**TASK INSTRUCTIONS**:
Print out the full material below, exact in every line, with no images included.
[Start of section]
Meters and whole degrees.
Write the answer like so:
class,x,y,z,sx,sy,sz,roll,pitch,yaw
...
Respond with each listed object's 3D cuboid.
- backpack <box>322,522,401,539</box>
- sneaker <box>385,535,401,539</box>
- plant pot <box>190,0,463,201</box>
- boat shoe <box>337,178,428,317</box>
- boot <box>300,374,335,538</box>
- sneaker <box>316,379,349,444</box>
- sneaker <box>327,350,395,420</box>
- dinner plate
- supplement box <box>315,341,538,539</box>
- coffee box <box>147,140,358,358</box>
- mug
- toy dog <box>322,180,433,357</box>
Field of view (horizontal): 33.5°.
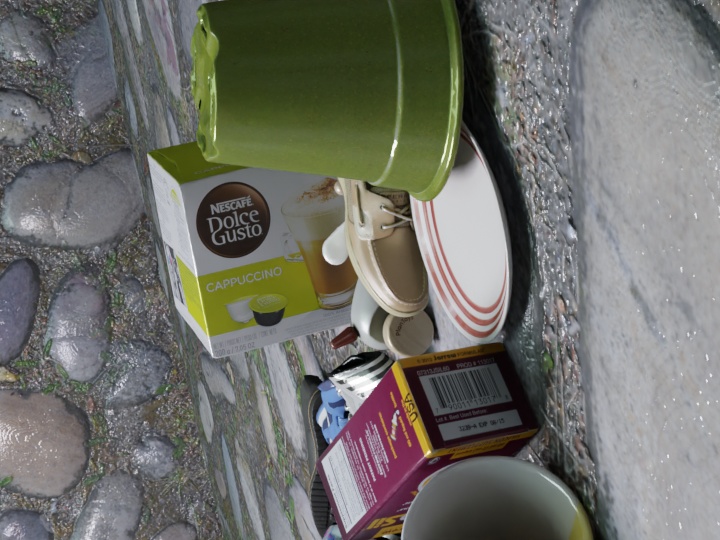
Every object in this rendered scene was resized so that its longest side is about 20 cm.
class,x,y,z,sx,sy,sz,roll,pitch,yaw
backpack,0.037,0.327,1.156,0.198,0.127,0.167,30,150,4
sneaker,0.067,0.234,1.191,0.202,0.079,0.071,96,156,-47
plant pot,-0.038,-0.153,0.966,0.200,0.187,0.203,176,90,-76
boat shoe,0.022,-0.057,1.110,0.064,0.070,0.202,-38,67,61
boot,-0.044,0.245,1.609,0.138,0.076,0.203,-153,63,-74
sneaker,-0.007,0.171,1.408,0.201,0.073,0.083,93,156,-64
sneaker,0.014,0.152,1.253,0.115,0.075,0.202,46,143,20
dinner plate,0.086,-0.040,0.995,0.200,0.024,0.203,165,90,-73
supplement box,0.052,0.154,1.039,0.201,0.109,0.086,-57,48,50
coffee box,-0.113,-0.045,1.349,0.200,0.197,0.201,-143,41,-66
mug,0.115,0.269,0.959,0.154,0.147,0.188,83,171,-51
toy dog,0.000,0.000,1.188,0.132,0.095,0.202,122,132,-68
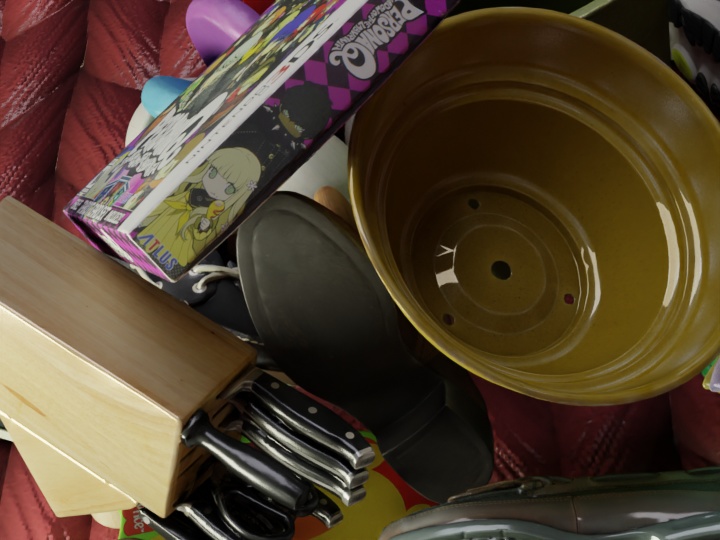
[End of section]
**WRITTEN SOLUTION**:
Meters and whole degrees.
Write the answer like so:
class,x,y,z,sx,sy,sz,roll,pitch,yaw
...
Respond with each listed object's 3D cuboid.
- backpack <box>322,522,401,539</box>
- sneaker <box>385,535,401,539</box>
- plant pot <box>190,0,463,201</box>
- boat shoe <box>337,178,428,317</box>
- boot <box>300,374,335,538</box>
- sneaker <box>316,379,349,444</box>
- sneaker <box>327,350,395,420</box>
- dinner plate
- supplement box <box>315,341,538,539</box>
- coffee box <box>147,140,358,358</box>
- mug
- toy dog <box>322,180,433,357</box>
Field of view (horizontal): 33.5°.
Every object in this rendered scene was resized so that its longest side is about 20 cm.
class,x,y,z,sx,sy,sz,roll,pitch,yaw
backpack,0.037,0.327,1.156,0.198,0.127,0.167,30,150,4
sneaker,0.067,0.234,1.191,0.202,0.079,0.071,96,156,-47
plant pot,-0.038,-0.153,0.966,0.200,0.187,0.203,176,90,-76
boat shoe,0.022,-0.057,1.110,0.064,0.070,0.202,-38,67,61
boot,-0.044,0.245,1.609,0.138,0.076,0.203,-153,63,-74
sneaker,-0.007,0.171,1.408,0.201,0.073,0.083,93,156,-64
sneaker,0.014,0.152,1.253,0.115,0.075,0.202,46,143,20
dinner plate,0.086,-0.040,0.995,0.200,0.024,0.203,165,90,-73
supplement box,0.052,0.154,1.039,0.201,0.109,0.086,-57,48,50
coffee box,-0.113,-0.045,1.349,0.200,0.197,0.201,-143,41,-66
mug,0.115,0.269,0.959,0.154,0.147,0.188,83,171,-51
toy dog,0.000,0.000,1.188,0.132,0.095,0.202,122,132,-68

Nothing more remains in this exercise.